Look to stories that show you the power of the human imagination so you know that this isn't something somebody made up, but that in all of these countries, ours included, there are men and women leading extraordinary, un-reported lives, and they are hopeful about our condition because they stayed in touch with all of human history, from the Magdalenian phase of Cro-Magnon culture to today, and they see the testament of what we know, and they aren't giving up.

The last thing I would say about this is take care of each other. Take care of each other. Everybody here has been alone in a news room wondering if it was worth it, or sitting in front of a computer with a deadline at a magazine wondering, "Why am I doing this?" Call each other.
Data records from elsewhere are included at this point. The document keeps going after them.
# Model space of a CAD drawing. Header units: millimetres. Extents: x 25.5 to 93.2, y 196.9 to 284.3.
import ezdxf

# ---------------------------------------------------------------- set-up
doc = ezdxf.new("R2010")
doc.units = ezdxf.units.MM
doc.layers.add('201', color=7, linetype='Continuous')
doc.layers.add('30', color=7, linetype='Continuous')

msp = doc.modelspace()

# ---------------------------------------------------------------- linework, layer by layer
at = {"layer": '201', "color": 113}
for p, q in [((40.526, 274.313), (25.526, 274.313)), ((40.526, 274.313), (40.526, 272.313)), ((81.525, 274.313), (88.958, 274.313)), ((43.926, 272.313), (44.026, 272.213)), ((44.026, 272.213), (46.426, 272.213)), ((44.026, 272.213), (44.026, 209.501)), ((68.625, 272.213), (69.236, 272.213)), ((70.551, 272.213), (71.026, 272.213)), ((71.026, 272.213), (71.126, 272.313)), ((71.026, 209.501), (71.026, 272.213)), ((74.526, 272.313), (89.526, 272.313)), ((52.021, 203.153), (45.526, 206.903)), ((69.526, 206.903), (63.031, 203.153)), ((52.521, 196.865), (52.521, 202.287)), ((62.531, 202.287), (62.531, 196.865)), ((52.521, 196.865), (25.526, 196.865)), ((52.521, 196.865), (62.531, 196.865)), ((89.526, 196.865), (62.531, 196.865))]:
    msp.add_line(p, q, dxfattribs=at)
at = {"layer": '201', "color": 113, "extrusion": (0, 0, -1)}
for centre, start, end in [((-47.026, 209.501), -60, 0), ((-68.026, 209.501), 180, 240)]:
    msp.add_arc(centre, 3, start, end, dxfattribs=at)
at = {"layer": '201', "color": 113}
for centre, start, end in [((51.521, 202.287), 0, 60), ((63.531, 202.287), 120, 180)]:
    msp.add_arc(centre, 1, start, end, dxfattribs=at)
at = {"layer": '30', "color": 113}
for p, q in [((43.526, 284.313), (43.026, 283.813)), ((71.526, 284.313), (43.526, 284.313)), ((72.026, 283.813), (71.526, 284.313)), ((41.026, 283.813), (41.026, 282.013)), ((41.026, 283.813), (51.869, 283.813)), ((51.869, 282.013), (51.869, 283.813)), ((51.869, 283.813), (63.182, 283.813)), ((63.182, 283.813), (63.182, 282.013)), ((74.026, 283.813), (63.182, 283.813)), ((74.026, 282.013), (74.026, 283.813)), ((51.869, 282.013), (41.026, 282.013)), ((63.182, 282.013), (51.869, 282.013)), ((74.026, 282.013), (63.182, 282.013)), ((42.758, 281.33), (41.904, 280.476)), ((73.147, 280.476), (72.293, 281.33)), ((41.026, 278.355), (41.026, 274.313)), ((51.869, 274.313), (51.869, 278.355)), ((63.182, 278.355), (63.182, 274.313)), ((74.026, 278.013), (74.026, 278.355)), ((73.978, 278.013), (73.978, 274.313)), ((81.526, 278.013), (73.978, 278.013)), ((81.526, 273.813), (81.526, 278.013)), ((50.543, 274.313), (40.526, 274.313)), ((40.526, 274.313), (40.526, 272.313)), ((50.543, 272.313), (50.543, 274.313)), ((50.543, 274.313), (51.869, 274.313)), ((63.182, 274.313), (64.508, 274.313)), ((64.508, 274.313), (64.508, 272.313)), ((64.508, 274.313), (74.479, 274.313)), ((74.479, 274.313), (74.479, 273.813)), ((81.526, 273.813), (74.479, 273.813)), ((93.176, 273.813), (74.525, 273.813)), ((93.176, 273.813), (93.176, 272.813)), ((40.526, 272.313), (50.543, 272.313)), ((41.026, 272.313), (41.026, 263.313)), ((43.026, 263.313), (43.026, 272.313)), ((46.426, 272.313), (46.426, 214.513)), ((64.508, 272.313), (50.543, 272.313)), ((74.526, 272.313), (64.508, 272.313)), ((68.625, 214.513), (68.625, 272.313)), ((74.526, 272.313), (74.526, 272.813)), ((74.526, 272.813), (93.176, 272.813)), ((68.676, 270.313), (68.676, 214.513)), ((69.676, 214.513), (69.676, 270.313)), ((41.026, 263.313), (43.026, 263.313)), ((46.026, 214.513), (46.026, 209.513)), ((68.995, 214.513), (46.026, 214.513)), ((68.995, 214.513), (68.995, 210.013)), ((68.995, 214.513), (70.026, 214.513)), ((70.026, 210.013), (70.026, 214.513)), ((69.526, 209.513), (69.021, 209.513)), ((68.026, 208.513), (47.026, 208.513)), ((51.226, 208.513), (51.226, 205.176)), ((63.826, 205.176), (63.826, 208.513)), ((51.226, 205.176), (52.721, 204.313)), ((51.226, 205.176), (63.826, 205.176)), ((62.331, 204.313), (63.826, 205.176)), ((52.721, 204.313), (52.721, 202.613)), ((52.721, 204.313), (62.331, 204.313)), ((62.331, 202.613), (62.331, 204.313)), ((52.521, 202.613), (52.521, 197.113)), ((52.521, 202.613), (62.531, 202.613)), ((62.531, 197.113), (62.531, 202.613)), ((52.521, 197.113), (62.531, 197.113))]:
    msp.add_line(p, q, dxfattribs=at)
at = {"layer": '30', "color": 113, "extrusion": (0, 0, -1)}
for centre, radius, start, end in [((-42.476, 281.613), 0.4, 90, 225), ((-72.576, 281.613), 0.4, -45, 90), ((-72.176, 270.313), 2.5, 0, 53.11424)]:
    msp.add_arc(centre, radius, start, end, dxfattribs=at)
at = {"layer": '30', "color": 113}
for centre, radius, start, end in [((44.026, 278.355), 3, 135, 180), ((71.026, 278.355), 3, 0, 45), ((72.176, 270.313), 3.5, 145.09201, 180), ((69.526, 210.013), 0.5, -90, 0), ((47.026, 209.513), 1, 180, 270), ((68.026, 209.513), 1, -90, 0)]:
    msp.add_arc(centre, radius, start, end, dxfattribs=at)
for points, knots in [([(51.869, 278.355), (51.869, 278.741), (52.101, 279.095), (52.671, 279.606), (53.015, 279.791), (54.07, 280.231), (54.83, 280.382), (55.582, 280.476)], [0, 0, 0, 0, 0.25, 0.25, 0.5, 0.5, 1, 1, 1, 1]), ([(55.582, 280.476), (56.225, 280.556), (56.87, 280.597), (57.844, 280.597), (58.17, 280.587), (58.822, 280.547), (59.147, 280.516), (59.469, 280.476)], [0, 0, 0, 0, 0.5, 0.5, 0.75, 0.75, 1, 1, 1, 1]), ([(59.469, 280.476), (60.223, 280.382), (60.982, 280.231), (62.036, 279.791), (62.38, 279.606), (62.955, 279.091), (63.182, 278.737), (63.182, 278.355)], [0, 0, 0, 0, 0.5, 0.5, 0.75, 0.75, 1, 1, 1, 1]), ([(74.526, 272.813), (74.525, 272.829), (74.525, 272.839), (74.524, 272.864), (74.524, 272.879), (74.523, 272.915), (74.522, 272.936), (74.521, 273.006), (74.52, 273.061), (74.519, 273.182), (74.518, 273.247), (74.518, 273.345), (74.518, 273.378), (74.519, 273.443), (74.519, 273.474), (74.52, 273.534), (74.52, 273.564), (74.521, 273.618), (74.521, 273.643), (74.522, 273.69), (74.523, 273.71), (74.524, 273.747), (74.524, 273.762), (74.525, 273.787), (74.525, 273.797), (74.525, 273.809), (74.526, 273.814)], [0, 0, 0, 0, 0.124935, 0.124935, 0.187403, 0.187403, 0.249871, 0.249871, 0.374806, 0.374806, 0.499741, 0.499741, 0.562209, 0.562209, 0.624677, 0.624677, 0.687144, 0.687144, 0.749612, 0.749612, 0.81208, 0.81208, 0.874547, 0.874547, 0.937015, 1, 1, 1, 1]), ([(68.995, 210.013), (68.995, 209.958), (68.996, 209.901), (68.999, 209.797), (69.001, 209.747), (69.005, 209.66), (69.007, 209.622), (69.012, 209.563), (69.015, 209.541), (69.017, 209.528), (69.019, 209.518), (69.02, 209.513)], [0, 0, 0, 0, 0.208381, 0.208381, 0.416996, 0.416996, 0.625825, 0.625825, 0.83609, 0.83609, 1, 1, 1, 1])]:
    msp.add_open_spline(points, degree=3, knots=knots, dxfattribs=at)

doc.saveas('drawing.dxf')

Get on the phone with each other. When you see somebody else's story, send them a post card. Let each other know that you're not alone in this. There is a name for what you do, you know, it's part of the title of your professional organization, but that's not who you are. That is not who you are. You're a group of men and women with a skill with language and a desire, in some way, to see the human condition bettered. That's what you are first. You need to call each other and say, "How are you? I missed you. Wasn't it great that we got together in California? You know who we should call? Have you ever thought about... What happened to so-and-so? Is he lost to us?" That's a community. That's where I want to end: Take care of each other.

And thank you for this invitation to come and join you as a colleague.

Barry Lopez has written seven books of fiction and six books of nonfiction, including "Arctic Dreams," winner of the National Book Award; "Of Wolves and Men," winner of the John Burroughs Medal; and "About This Life: Journeys on the Threshold of Memory," a collection of essays that range from the Galapagos to Antarctica. He also writes regularly for magazines including Harper's, where he is a contributing editor.